ZA Confidential is e-mailed to subscribers. For details on subscription rates, please contact zaconfidential@gmail.com Media releases, invitations to presentations, and feedback on ZA Confidential can also be sent to the same address. Upgrade your conference or event by hiring ZA Confidential Editor John Fraser as a speaker or moderator.


Terrible GDP Numbers

The economy is growing, but so slowly that it is not going to make much difference. The annualised third quarter growth figure has come in at 0.7%. We are worried, but what about our experts…..?
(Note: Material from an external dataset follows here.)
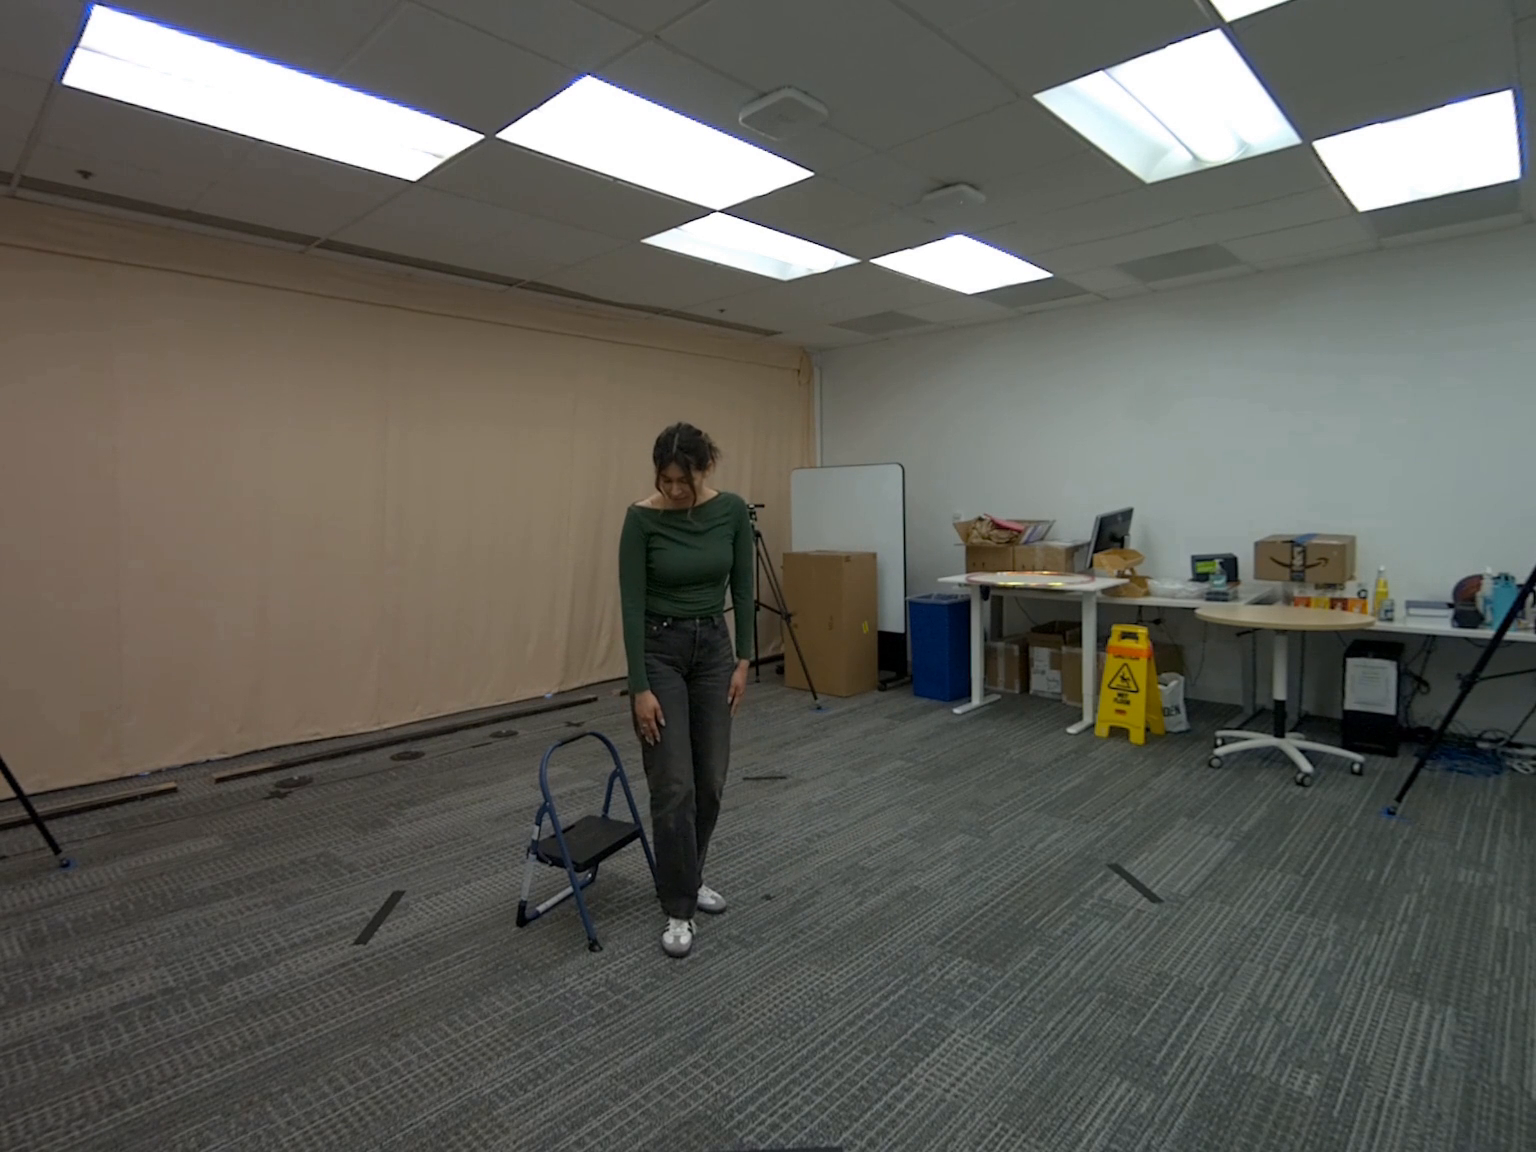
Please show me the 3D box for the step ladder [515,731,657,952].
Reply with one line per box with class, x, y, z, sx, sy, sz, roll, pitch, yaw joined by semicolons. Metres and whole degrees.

Dawie Roodt from the Efficient Group:

Average growth for the first three quarters now stands at 1.9% – probably the reason the SARB lowered its forecast for the year to 1.9%. That also means that if growth comes in at below 1.9% for the final quarter, then growth for the year will be below 1.9%. And as things stand, weak demand, strikes on the mines and the "normal" structural problems in the economy, mean growth in the 4th quarter is quietly likely going to be sub 1.9%. Under these circumstances, monetary policy is rather ineffective to support the economy any further. What we need is better labour relations, an efficient state, and clear macroeconomic policies – but for that we need solid political leadership…

Ian Cruickshanks from SAIRR:

This latest number of 0.7 percent quarter on quarter is very disappointing, when compared to Q2’s revised 3.2 percent. Manufacturing, which is 15 percent of the economy, was down . Strikes, particularly in the motoring industry, had an overall impact on manufacturing and on the economy as a whole. This could be expected to continue into Q4. I now fear we may not get to 1.9% GDP growth for the year as a whole. The stock market may be booming but it is difficult to consider allocating fresh funds to the market with the economy in this state.

Mohammed Nalla from Nedbank:

SA’s GDP printed at 1.8% y/y and 0.7% q/q, below consensus estimates of 2% and 1% respectively. We remained bearish on this data given the torrid Q3 which saw labour unrest impact the vehicle sector, as well as a failure of the mining sector to rebound from an already low base. Retail sales and manufacturing also posted negative surprises during the quarter and as such, it is not surprising to see this filter through to headline GDP.

George Glynos from ETM:

A key factor weighing on domestic output in the third quarter was a prolonged period of strike activity in vehicle production industry, while a weaker consumptive sector is expected to have made a less pronounced contribution to growth relative to previous quarters. The domestic economy is in the midst of a cyclical downswing as the initial support to growth stemming from SARB policy loosening wanes while the subsequent inflationary pressures erode purchasing power. Not only cyclical, but also structural issues continue to weigh on domestic production growth and unless reforms which generate a less hostile business and production environment are implemented, economic growth will struggle to gain meaningful traction. 2014 looks set to be a tough year. Why do I care? A softer than expected GDP number will raise further concern at the SARB as it suggests that the underlying economic weakness is even more pronounced than expected. While this may entice market players to increase calls for a deeper reduction in interest rates, with the ZAR still vulnerable and inflation still sticky the SARB is unlikely to take any policy action.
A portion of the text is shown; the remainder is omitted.